Fast and memory-efficient genomic signal analysis

Project description

SignalFrame

`load_bed(bed_path: str, extra_col_names: Optional[List[str]] = None)`

Description
Loads a BED file into a pandas DataFrame with standardized column names. Ensures the file contains at least three required columns: chromosome (chr), start (start), and end (end). If additional columns are present, they are automatically named col4, col5, etc., unless custom names are provided via the extra_col_names parameter.

Parameters

bed_path (str): Path to the BED file.
extra_col_names (Optional[List[str]]): Optional list of names for any columns beyond the first three.
Must match the number of extra columns if provided.

Returns

pd.DataFrame: A DataFrame with at least the columns chr, start, and end.
Any additional columns are named automatically (col4, col5, ...) or using the provided names.

Raises

ValueError: If the file has fewer than 3 columns.
ValueError: If the number of extra_col_names does not match the number of extra columns.

Examples

import signalframe as sf

# Load BED file with default column naming
bed_df = sf.load_bed("regions.bed")
print(bed_df.head())

# Load BED file with custom column names
bed_df = sf.load_bed("regions.bed", extra_col_names=["name", "score", "strand"])
print(bed_df.head())

`save_bed(df: pd.DataFrame, output_path: str)`

Description
Saves a pandas DataFrame to a BED-format file using tab-separated values, without writing headers or index columns.

Parameters

df (pd.DataFrame): DataFrame to save. Should ideally include at least chr, start, and end columns.
output_path (str): Path to the output BED file.

Returns

None

Examples

import signalframe as sf

# Save DataFrame as BED file
sf.save_bed(bed_df, "output.bed")

`expand_bed_regions(df: pd.DataFrame, method: Optional[str] = None, expand_bp: Optional[int] = None)`

Description
Expands genomic intervals in a BED-format DataFrame either symmetrically around the center or outward from the edges. Useful for extending peak regions or extracting flanking sequence windows.

Parameters

df (pd.DataFrame): A DataFrame containing at least the columns 'chr', 'start', and 'end'.
method (str, optional): Expansion strategy:
- 'center': Expand symmetrically around the midpoint of each region.
- 'edge': Expand outward from both the start and end coordinates.
- None: Return the original DataFrame without modification.
expand_bp (int, optional): Number of base pairs to expand on each side (required if method is specified).

Returns

pd.DataFrame: A new DataFrame with adjusted 'start' and 'end' coordinates according to the specified expansion strategy.

Raises

ValueError: If the input DataFrame is missing 'start' or 'end' columns.
ValueError: If method is specified but expand_bp is not provided.
ValueError: If method is not one of 'center', 'edge', or None.

Examples

import signalframe as sf

# Example 1: Expand regions by 100 bp around the center
expanded_df = sf.expand_bed_regions(bed_df, method="center", expand_bp=100)

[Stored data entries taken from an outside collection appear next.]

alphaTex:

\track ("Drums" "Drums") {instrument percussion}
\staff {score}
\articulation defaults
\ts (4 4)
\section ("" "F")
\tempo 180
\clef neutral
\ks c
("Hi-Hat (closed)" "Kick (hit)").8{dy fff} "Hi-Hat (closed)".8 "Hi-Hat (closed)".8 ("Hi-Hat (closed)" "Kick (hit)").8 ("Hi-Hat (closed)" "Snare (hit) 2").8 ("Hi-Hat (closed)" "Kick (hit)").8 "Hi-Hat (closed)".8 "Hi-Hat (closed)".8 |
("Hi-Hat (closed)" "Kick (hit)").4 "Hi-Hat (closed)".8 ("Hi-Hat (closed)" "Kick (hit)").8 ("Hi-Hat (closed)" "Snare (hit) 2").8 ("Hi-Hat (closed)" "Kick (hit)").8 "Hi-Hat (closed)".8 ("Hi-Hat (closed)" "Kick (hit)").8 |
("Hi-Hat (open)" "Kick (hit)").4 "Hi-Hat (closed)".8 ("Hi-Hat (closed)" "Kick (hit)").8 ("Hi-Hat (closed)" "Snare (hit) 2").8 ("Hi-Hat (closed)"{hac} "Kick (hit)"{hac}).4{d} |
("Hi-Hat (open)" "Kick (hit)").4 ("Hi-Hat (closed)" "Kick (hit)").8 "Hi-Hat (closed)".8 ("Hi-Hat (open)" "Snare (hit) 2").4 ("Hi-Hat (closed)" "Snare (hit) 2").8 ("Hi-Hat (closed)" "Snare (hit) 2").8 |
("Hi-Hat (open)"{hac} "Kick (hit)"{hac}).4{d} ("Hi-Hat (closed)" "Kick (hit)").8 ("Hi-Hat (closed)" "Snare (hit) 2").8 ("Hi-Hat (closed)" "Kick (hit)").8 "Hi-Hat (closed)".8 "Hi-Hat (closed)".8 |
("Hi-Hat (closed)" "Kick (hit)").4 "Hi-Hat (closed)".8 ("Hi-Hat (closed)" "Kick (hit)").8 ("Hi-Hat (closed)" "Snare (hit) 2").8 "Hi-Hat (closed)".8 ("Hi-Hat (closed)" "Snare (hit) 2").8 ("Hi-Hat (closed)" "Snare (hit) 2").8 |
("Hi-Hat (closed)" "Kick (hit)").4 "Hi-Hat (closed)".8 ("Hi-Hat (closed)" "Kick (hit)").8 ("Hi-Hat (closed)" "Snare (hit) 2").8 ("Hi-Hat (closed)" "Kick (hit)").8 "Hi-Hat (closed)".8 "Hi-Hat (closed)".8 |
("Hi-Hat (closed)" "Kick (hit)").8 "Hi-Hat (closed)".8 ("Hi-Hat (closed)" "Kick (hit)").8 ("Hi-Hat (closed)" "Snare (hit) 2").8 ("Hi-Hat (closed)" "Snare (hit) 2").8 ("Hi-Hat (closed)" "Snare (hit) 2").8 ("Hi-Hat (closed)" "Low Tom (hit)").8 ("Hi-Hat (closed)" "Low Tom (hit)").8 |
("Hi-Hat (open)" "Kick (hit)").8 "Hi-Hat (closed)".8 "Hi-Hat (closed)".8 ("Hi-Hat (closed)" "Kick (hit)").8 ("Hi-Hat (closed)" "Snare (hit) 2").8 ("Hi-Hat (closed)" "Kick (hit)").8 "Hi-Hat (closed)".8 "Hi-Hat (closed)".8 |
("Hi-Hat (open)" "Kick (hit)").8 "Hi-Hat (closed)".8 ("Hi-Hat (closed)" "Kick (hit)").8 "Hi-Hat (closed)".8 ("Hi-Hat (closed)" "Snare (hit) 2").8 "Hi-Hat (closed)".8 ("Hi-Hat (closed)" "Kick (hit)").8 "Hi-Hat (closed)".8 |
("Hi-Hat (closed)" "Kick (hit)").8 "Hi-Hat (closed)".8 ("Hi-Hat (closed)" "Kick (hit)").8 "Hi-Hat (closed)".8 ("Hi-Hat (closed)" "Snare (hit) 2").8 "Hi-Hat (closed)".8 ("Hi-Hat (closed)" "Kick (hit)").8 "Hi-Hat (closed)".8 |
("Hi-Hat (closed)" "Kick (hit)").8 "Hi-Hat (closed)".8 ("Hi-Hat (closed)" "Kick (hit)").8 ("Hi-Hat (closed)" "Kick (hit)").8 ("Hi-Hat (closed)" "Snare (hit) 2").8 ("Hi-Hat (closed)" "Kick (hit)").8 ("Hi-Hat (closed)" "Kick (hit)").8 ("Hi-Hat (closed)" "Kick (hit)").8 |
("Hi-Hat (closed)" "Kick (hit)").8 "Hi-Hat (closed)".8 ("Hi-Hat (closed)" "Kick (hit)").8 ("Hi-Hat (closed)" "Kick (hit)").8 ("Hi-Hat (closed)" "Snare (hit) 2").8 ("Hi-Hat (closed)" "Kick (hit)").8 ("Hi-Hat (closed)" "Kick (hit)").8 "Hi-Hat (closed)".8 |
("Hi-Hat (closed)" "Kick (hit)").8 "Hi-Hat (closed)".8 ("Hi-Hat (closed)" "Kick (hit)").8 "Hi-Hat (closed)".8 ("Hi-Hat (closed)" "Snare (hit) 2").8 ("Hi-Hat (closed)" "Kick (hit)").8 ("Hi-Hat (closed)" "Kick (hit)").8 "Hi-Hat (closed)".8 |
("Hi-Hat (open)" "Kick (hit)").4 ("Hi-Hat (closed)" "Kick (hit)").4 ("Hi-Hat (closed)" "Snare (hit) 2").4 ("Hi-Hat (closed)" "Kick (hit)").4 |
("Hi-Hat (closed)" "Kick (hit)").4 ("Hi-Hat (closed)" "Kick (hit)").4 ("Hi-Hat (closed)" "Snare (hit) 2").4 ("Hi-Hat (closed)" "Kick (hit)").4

# Example 2: Expand regions by 50 bp from the edges
expanded_df = sf.expand_bed_regions(bed_df, method="edge", expand_bp=50)

# Example 3: Return unmodified regions
unchanged_df = sf.expand_bed_regions(bed_df)

`compute_signal(bigwig_path: str, bed_df: pd.DataFrame, method: str)`

Description
Computes signal values from a BigWig file over a set of genomic intervals provided in BED format.
The function supports multiple statistical methods (e.g., AUC, mean, max) and includes internal optimization via dynamic merging of nearby regions to reduce I/O operations and accelerate runtime.

Parameters

bigwig_path (str): Path to the BigWig (.bw) file containing the signal track.
bed_df (pd.DataFrame): DataFrame containing BED-format genomic intervals.
Must include 'chr', 'start', and 'end' columns.
method (str): Type of signal computation to perform. Must be one of:
- 'auc': Sum of signal values across the region.
- 'mean': Mean signal value.
- 'max': Maximum signal value.
- 'min': Minimum signal value.
- 'median': Median signal value.
- 'std': Standard deviation of signal values.
- 'coverage': Count of non-zero signal positions.
- 'nonzero_mean': Mean of non-zero signal values only.

Returns

pd.DataFrame: The original DataFrame with an additional column named after the chosen method (e.g., "auc" or "mean"), containing the computed signal values for each region.

Raises

ValueError: If the input DataFrame does not contain the required columns ('chr', 'start', 'end').
ValueError: If the specified method is not supported.

Examples

import signalframe as sf

# Load BED DataFrame
bed_df = sf.load_bed("regions.bed")

# Compute area under the curve (AUC) for each region
bed_df_with_auc = sf.compute_signal("H3K27ac.bw", bed_df, method="auc")

# Compute mean signal
bed_df_with_mean = sf.compute_signal("ATAC_signal.bw", bed_df, method="mean")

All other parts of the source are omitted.